AINDA MARIA
As palavras são, verdadeiramente, seres frágeis que se desfazem junto ao vento diante da primeira investida de algum antigo sentimento. Eu disse que não falaria mais de Maria. A luta foi árdua e durante algum bom tempo consegui vencer a tentação de relembrá-la nestas poucas linhas. Sofri; certamente que tenho sofrido com as lembranças, e, o que é pior, com a relutância em dizê-lo a você, caro leitor.
Ontem a vi. Estava bela, vestida de forma simples, sem qualquer maquiagem ou exageros que marcam as mulheres de nossos dias. Não estava acompanhada, nem parecia entristecida; contrariamente, sua beleza fazia irradiar-se por todos os cantos em que passava e o que se sentia era uma alegria incontida, o que se mostrava no seu sorriso e em sua pele descansada.

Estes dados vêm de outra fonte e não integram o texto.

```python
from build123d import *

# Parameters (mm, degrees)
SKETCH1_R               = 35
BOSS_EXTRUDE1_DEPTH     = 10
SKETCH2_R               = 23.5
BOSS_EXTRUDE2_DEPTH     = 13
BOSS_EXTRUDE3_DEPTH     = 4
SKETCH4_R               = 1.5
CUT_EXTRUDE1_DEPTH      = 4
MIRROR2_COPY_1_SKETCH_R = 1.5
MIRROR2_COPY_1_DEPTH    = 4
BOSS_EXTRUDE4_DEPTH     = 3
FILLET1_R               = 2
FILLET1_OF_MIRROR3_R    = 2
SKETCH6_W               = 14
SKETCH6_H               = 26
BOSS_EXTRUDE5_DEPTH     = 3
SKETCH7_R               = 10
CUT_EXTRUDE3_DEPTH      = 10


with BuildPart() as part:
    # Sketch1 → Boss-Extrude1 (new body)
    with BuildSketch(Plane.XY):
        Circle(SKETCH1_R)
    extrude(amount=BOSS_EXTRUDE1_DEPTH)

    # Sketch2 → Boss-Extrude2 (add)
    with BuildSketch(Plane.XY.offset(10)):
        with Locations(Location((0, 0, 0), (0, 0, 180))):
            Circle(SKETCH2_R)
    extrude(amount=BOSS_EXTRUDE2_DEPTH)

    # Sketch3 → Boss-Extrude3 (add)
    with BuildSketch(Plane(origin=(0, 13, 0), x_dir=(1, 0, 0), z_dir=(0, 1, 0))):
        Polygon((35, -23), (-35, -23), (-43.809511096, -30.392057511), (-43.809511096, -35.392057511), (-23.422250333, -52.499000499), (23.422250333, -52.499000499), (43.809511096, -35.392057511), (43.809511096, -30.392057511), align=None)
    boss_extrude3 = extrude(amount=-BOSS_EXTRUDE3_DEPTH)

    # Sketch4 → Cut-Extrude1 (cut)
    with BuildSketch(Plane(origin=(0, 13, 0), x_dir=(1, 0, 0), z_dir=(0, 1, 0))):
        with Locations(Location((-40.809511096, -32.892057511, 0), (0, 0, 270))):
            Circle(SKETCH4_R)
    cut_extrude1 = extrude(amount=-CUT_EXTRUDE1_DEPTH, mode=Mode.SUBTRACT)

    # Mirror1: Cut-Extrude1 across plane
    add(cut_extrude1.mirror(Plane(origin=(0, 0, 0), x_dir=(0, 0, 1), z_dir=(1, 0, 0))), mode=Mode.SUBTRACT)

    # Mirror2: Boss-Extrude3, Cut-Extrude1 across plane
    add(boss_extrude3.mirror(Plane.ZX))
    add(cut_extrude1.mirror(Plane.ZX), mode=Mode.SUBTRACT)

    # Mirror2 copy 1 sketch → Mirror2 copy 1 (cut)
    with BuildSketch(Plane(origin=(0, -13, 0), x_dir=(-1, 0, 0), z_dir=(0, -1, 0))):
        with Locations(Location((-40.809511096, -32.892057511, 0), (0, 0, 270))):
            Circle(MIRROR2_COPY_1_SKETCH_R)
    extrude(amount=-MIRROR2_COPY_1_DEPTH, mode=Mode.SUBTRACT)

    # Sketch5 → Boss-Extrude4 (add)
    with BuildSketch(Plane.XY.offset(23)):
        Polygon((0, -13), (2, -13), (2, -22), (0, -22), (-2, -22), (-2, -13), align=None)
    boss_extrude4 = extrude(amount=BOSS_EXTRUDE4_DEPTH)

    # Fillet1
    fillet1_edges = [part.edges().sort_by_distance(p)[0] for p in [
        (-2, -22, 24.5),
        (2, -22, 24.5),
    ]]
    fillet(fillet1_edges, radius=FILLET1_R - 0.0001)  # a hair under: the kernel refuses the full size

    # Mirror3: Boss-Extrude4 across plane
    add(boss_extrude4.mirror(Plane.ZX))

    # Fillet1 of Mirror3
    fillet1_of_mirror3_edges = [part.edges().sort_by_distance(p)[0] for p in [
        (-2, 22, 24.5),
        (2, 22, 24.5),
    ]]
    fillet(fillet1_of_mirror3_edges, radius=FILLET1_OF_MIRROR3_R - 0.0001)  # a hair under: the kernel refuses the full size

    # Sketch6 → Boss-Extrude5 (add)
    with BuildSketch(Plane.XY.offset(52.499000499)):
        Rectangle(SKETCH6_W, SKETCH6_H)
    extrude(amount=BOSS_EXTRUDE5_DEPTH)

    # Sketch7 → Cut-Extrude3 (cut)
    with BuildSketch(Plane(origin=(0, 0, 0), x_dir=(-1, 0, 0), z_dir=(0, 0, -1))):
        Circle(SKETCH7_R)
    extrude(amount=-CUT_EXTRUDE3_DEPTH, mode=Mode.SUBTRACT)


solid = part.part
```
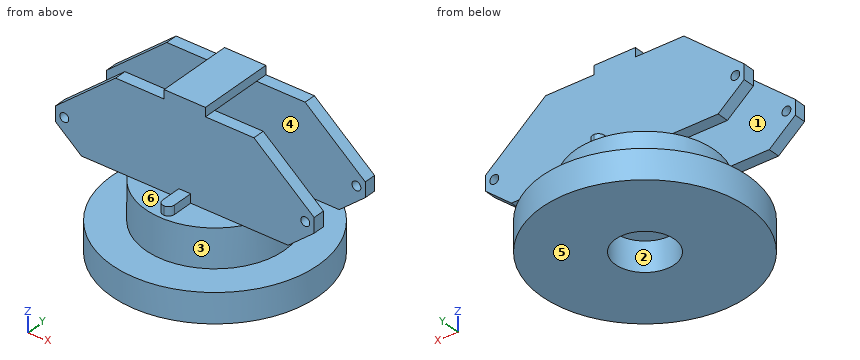
Geometry check sheet. Reference: the model listing, model coordinates, mm. Face numbers are marked on the shaded views. A direction names the side the tool comes from. Give positions to 0.01 mm unless a question says otherwise; leave off trailing zeros. Write each loop counter-clockwise with the first axis right and the second up, starting at its lowest first coordinate (ties: lowest second). Pieces come first, ordered by that corner, then holes.
1) Section check B-B, the plane z = 37.5. Record the boundary of the cut face in (x, y), and give its area (3 significant figures).
2) Release check for a two-part mould opening along X. For the marked faces 1, 2 and 3 record: pulls with the +X half, pulls with the -X half, needs draft (parallel to the pull), parting line crosses it, or undercut.
3) Material ranges on L1, parallel to Y at x = 21.5, z = 26; L2, parallel to Y at x = 0, z = 2; L3, parallel to Z at x = -5.5, y = 26, recorded low to high.
4) Access from +Z, -Z, +X, -X, +Y, -Y to the whole of each face (thin tool, end or side, straight path). Record for the marked faces 4, 5 and 6.
5) Section check D-D, the plane z = 21. Record the boundary of the cut face in (x, y).
6) Section check A-A, the plane y = 0. Record the boundary of the cut face in (x, z).
7) Gauge pin test, flat ends, axial feed: pin 1 (12 mm diameter, centred on x = -17.5, y = -27.5, fed in from -Z); pin 2 (3 mm diameter, centred on x = -12, y = -10, fed in from +Z); pin 3 (1 mm diameter, centred on x = 19.5, y = 4, fed in from +Z); pin 4 (4 mm diameter, centred on x = 10, z = 12.5, fed in from -Y). Record the tip position at first contact, or that the pin passes through.
8) Section check C-C, the plane x = 16. Record the boundary of the cut face in (y, z).
Computed:
1. outline: (-41.3, -13) - (41.3, -13) - (41.3, -9) - (-41.3, -9) - close; (-41.3, 9) - (41.3, 9) - (41.3, 13) - (-41.3, 13) - close
1. area: 661 mm2
2. face 1: needs draft
2. face 2: undercut
2. face 3: parting line crosses it
3. L1: y = -13 to -9, 9 to 13
3. L2: y = -35 to -10, 10 to 35
3. L3: z = 0 to 10
4. face 4: +X, -X
4. face 5: -Z, +X, -X, +Y, -Y
4. face 6: +Z, -Y
5. outline: circle Ø47 at (0, 0)
6. outline: (-35, 0) - (-10, 0) - (-10, 10) - (10, 10) - (10, 0) - (35, 0) - (35, 10) - (23.5, 10) - (23.5, 23) - (-23.5, 23) - (-23.5, 10) - (-35, 10) - close; (-7, 52.5) - (7, 52.5) - (7, 55.5) - (-7, 55.5) - close
7. pin 1: stops at z = 0
7. pin 2: stops at z = 52.5
7. pin 3: stops at z = 23
7. pin 4: stops at y = -22.1
8. outline: (-31.13, 0) - (31.13, 0) - (31.13, 10) - (17.21, 10) - (17.21, 23) - (13, 23) - (13, 52.5) - (9, 52.5) - (9, 23) - (-9, 23) - (-9, 52.5) - (-13, 52.5) - (-13, 23) - (-17.21, 23) - (-17.21, 10) - (-31.13, 10) - close

Maria não me viu, nem tive coragem de mostrar-me a ela. Estava eu entristecido, cheio de rugas, de rusgas; cansado da imensa tristeza que me tomara desde o momento em que ela saíra de minha vida. Minto, ela não havia saído; continuava em mim, nos meus sonhos, nas minhas recordações, no meu choro diário; minha doce e meiga Maria se fazia transparecer, duramente, nas tantas rugas que se criaram em meu rosto.
Tive vontade de ir ao seu encontro; dizer-lhe do meu amor, dos meus sentimentos, da tristeza que toma a minha alma; quisera eu atravessar a rua, ajoelhar-me aos seus pés e suplicar a sua volta, o retorno incomensurável do seu amor. Não pude, faltou-me coragem, sobrou-me o pouco orgulho que ainda me resta.
Vendo-a repleta de beleza e alegria, ajuntei os meus cacos, recolhi toda a tristeza que caía de mim, em forma de lágrimas, e parti. Ao longe, com o coração em sobressaltos, ainda podia sentir o seu cheiro e toda a alegria que o acompanhava e, enquanto eu andava, o sorriso de minha doce e meiga Maria penetrava os meus ouvidos fazendo com que as lágrimas regassem minhas tristes rusgas.